Each instance of a registered IAuthenticator plugin that matches the request classifier will be called N times during a single request, where N is the number of identities found by any IIdentifierPlugin instances.

An authenticator must not raise an exception if it is provided an identity dictionary that it does not understand (e.g. if it presumes that ‘login’ and ‘password’ are keys in the dictionary, it should check for the existence of these keys before attempting to do anything; if they don’t exist, it should return None).

An authenticator is permitted to add extra keys to the ‘identity’ dictionary (e.g., to save metadata from a database query, rather than requiring a separate query from an IMetadataProvider plugin).

interface repoze.who.interfaces.IChallenger

Extends: repoze.who.interfaces.IPlugin

On egress: Conditionally initiate a challenge to the user to provide credentials.

Only challenge plugins which match one of the the current response’s classifications will be asked to perform a challenge.

challenge(environ, status, app_headers, forget_headers)
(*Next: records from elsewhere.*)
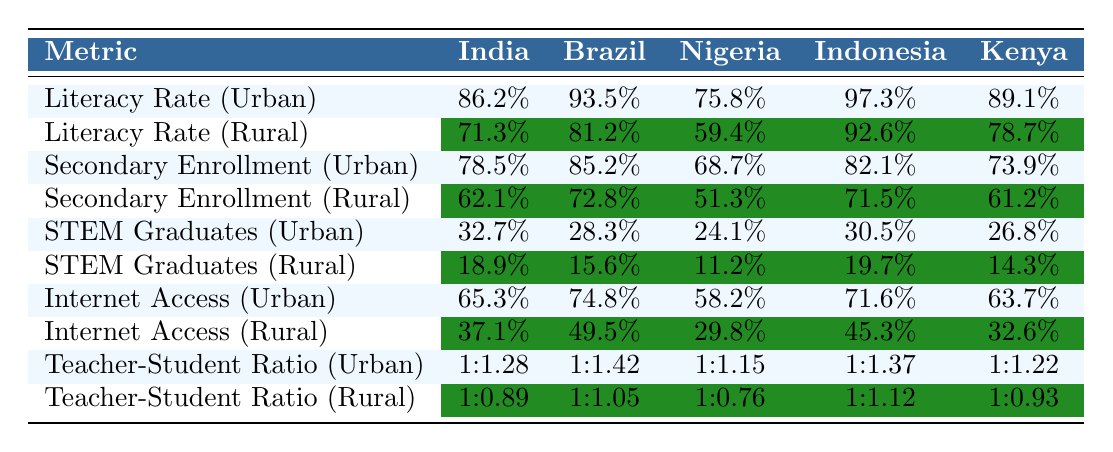What is the urban literacy rate in Kenya? The table indicates the urban literacy rate for Kenya is listed distinctly. Referring to the respective column, the urban literacy rate for Kenya is 89.1%.
Answer: 89.1% What is the difference between urban and rural literacy rates in Nigeria? To find the difference, subtract the rural literacy rate from the urban literacy rate for Nigeria. Urban literacy rate is 75.8%, and rural is 59.4%. Therefore, 75.8% - 59.4% = 16.4%.
Answer: 16.4% Which country has the highest urban secondary enrollment? By examining the urban secondary enrollment column, Brazil is identified to have the highest value at 85.2%.
Answer: Brazil Are urban STEM graduates in India higher than urban STEM graduates in Kenya? Yes, comparing the urban STEM graduates percentage of India (32.7%) with Kenya (26.8%), India has a higher percentage.
Answer: Yes What percentage of rural students in Nigeria have access to the internet? The rural internet access percentage for Nigeria is explicitly stated in the table as 29.8%.
Answer: 29.8% What is the average urban literacy rate across all five countries? To calculate the average, sum the urban literacy rates: (86.2 + 93.5 + 75.8 + 97.3 + 89.1) = 441.9. Then divide by the number of countries (5), resulting in an average urban literacy rate of 88.38%.
Answer: 88.38% Is the teacher-student ratio in rural India better than in urban Nigeria? The teacher-student ratio in rural India is 1:0.89 and in urban Nigeria it is 1:1.15. Lower ratios are better, thus rural India (0.89) has a better ratio than urban Nigeria (1.15).
Answer: Yes What is the percentage increase in urban secondary enrollment from rural secondary enrollment in Kenya? The urban secondary enrollment in Kenya is 73.9% and the rural is 61.2%. The increase is calculated as (73.9% - 61.2%) / 61.2% * 100%. This results in approximately 20.8% increase in percentage points.
Answer: 20.8% What is the average teacher-student ratio for urban areas across all countries? To find the average urban teacher-student ratio, add them up: (1.28 + 1.42 + 1.15 + 1.37 + 1.22) = 6.44. Dividing by 5 gives an average urban teacher-student ratio of 1:1.288, or approximately 1:1.29.
Answer: 1:1.29 Do rural students in Indonesia have higher secondary enrollment than rural students in Nigeria? Yes, by checking the secondary enrollment figures, rural Indonesia is at 71.5%, which is higher than rural Nigeria at 51.3%.
Answer: Yes

args -> WSGI application or None

o ‘environ’ is the WSGI environment.

o ‘status’ is the status written into start_response by the
downstream application.
o ‘app_headers’ is the headers list written into start_response by the
downstream application.
o ‘forget_headers’ is a list of headers which must be passed
back in the response in order to perform credentials reset (logout). These come from the ‘forget’ method of IIdentifier plugin used to do the request’s identification.

Examine the values passed in and return a WSGI application (a callable which accepts environ and start_response as its two positional arguments, ala PEP 333) which causes a challenge to be performed. Return None to forego performing a challenge.

interface repoze.who.interfaces.IMetadataProvider

Extends: repoze.who.interfaces.IPlugin

On ingress: When an identity is authenticated, metadata providers may scribble on the identity dictionary arbitrarily. Return values from metadata providers are ignored.

add_metadata(environ, identity)

Add metadata to the identity (which is a dictionary). One value is always guaranteed to be in the dictionary when add_metadata is called: ‘repoze.who.userid’, representing the user id of the identity. Availability and composition of other keys will depend on the identifier plugin which created the identity.